ALL OF MY ATTEMPTS TO HELP TREY HAD BEEN FRUITLESS.
No one understood, especially the doctors and counsellors, that Trey never wanted help. He didn't feel the need to survive and didn't care about death. He was ruining his life, but that didn't concern him. For years, I painfully watched him, with a mother's sorrowful heart, turn to the world of drugs. He believed that he would never achieve the success he hungered for without them and dismissed the idea of overdose because it couldn't happen to him.
His intense belief brought ever-changing hazy green eyes, wild with a fierce craving for more creativity. I could hope that the day I dreaded would not come, but it did. Trey's insatiable drug habit abruptly ended when he overdosed, died, and survived, leading us down a long and eventful path.
With little hope and many doctor's doubts, I started the journey to defy all odds. A journal and pen were all that I needed, as I found time to write every day. The words "He's getting better" were written repeatedly in different words but with the same meaning. I couldn't give up, so I sat beside him and wrote. I clung to the words like a warrior to his sword as I watched my now "CLEAN" son relearn all he knew before the overdose, and with hope in my heart, I pleaded that no one else would experience what I had.

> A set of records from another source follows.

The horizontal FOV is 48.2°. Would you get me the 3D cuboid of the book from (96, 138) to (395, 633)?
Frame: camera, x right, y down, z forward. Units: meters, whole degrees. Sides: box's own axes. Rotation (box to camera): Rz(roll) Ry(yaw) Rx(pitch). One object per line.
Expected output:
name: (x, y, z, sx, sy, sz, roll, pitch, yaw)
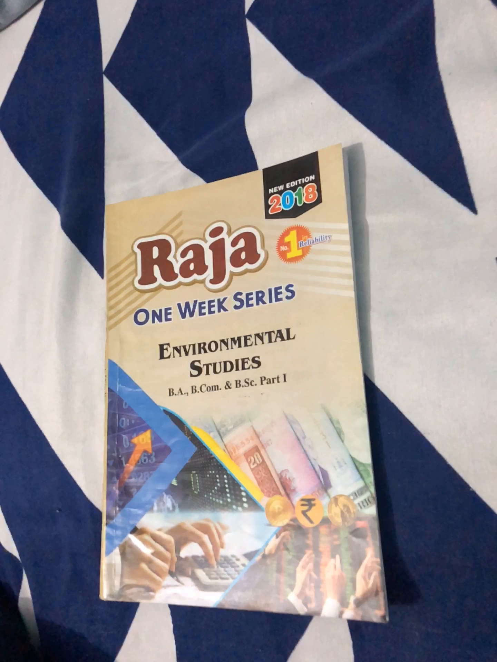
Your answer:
book: (-0.013, 0.023, 0.259, 0.140, 0.010, 0.200, -9, 75, 27)
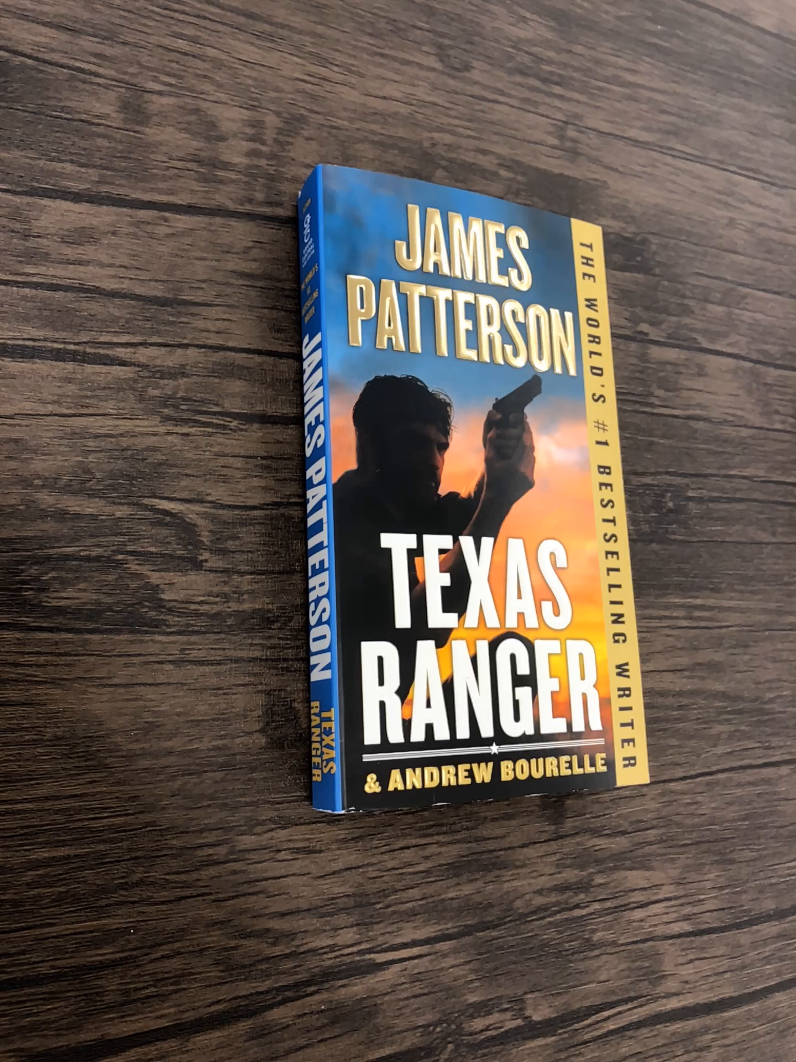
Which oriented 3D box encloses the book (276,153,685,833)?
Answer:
[{"bbox_3d":[0.023,-0.010,0.271,0.107,0.040,0.180,3,77,-27],"label":"book"}]
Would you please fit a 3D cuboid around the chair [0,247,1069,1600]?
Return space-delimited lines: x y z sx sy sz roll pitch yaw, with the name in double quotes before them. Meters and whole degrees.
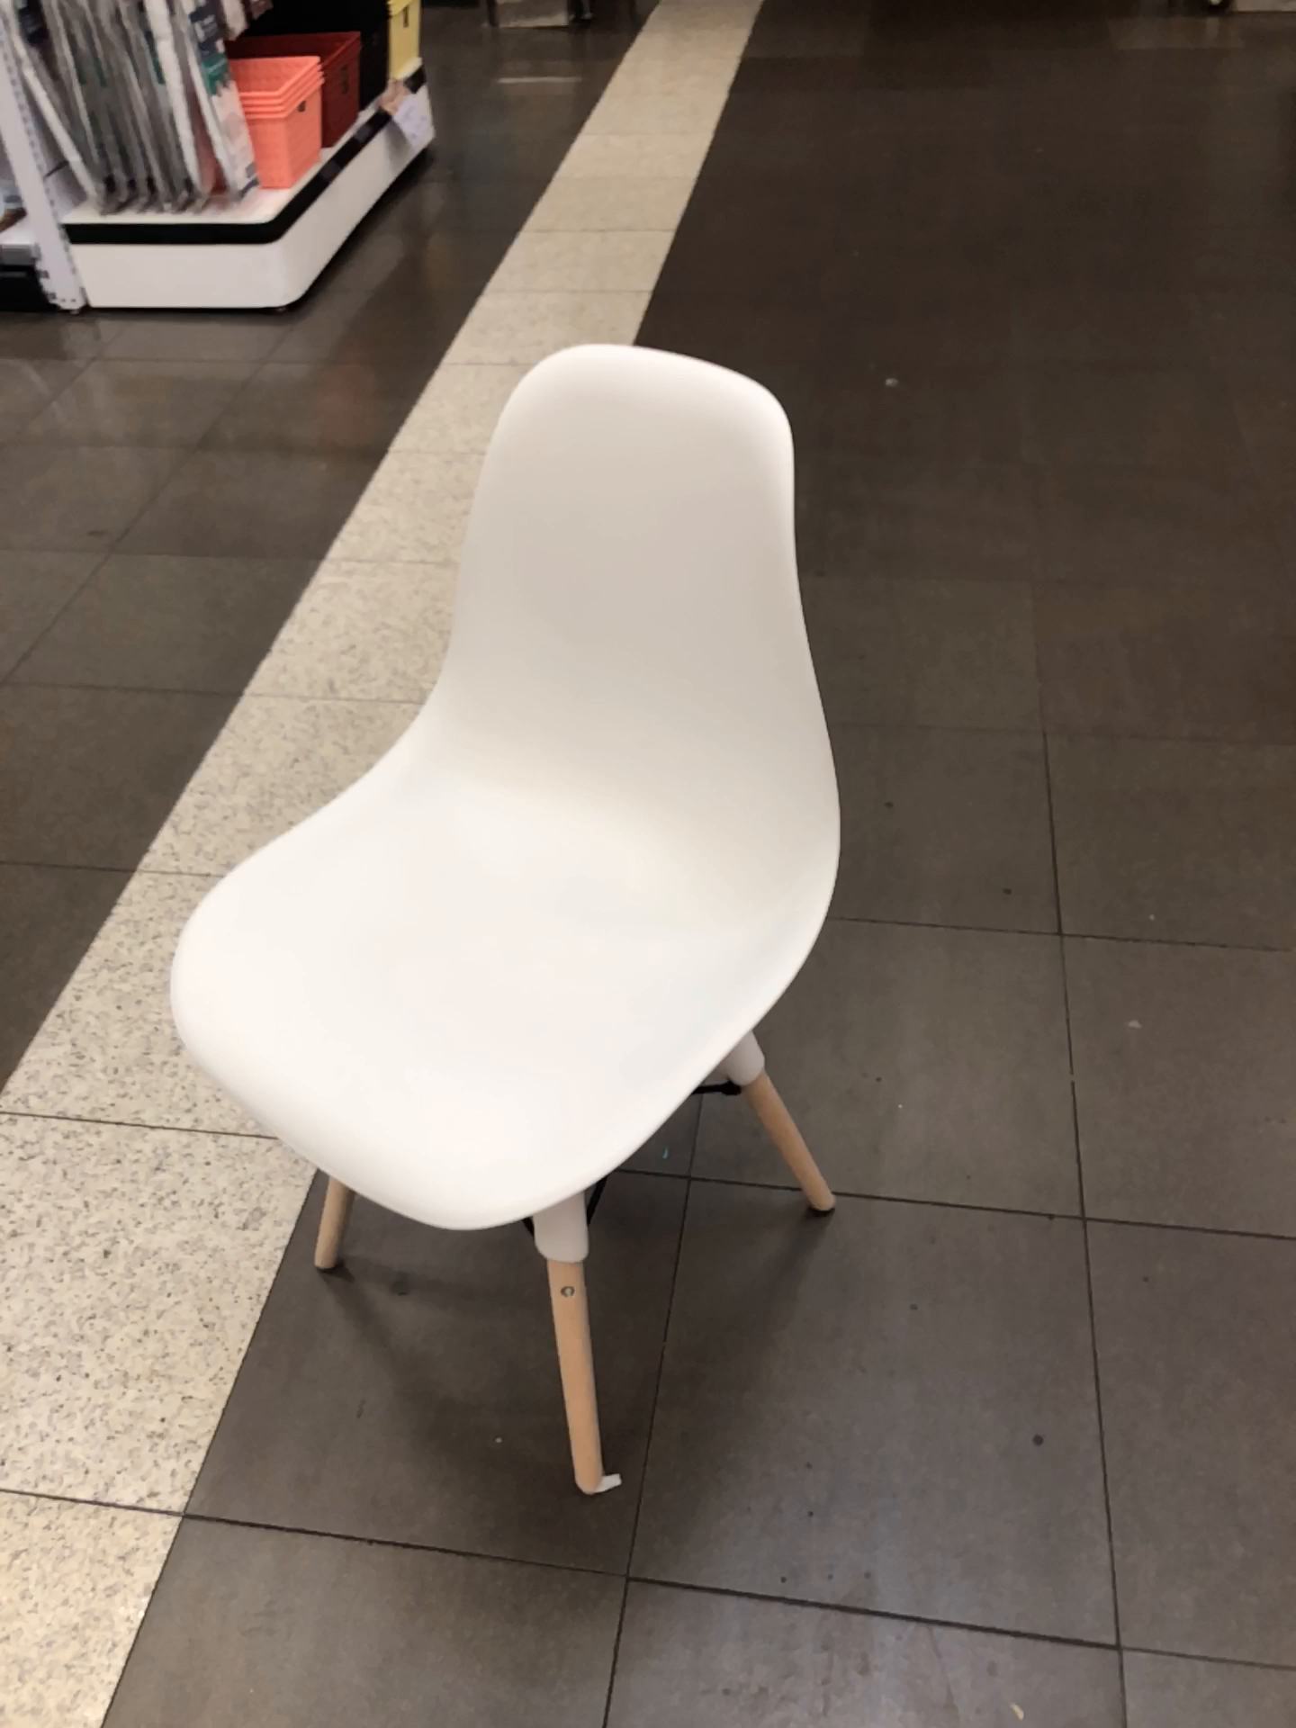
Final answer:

I found myself becoming a doctor, a researcher, a believer, a hoper, and a never give-upper. I knew my son had three essential things to recover fully, MOTIVATION, HUMOR AND FAMILY SUPPORT, as I put all three into play.
Trey became a warrior too. He couldn't give up. After all, he was on a mission, A MISSION TO HAVE THE LIFE THAT HE WAS BORN TO HAVE.
The memories will live inside me forever, but the words I wrote in the journal are in the hope that I never hear another mother cry.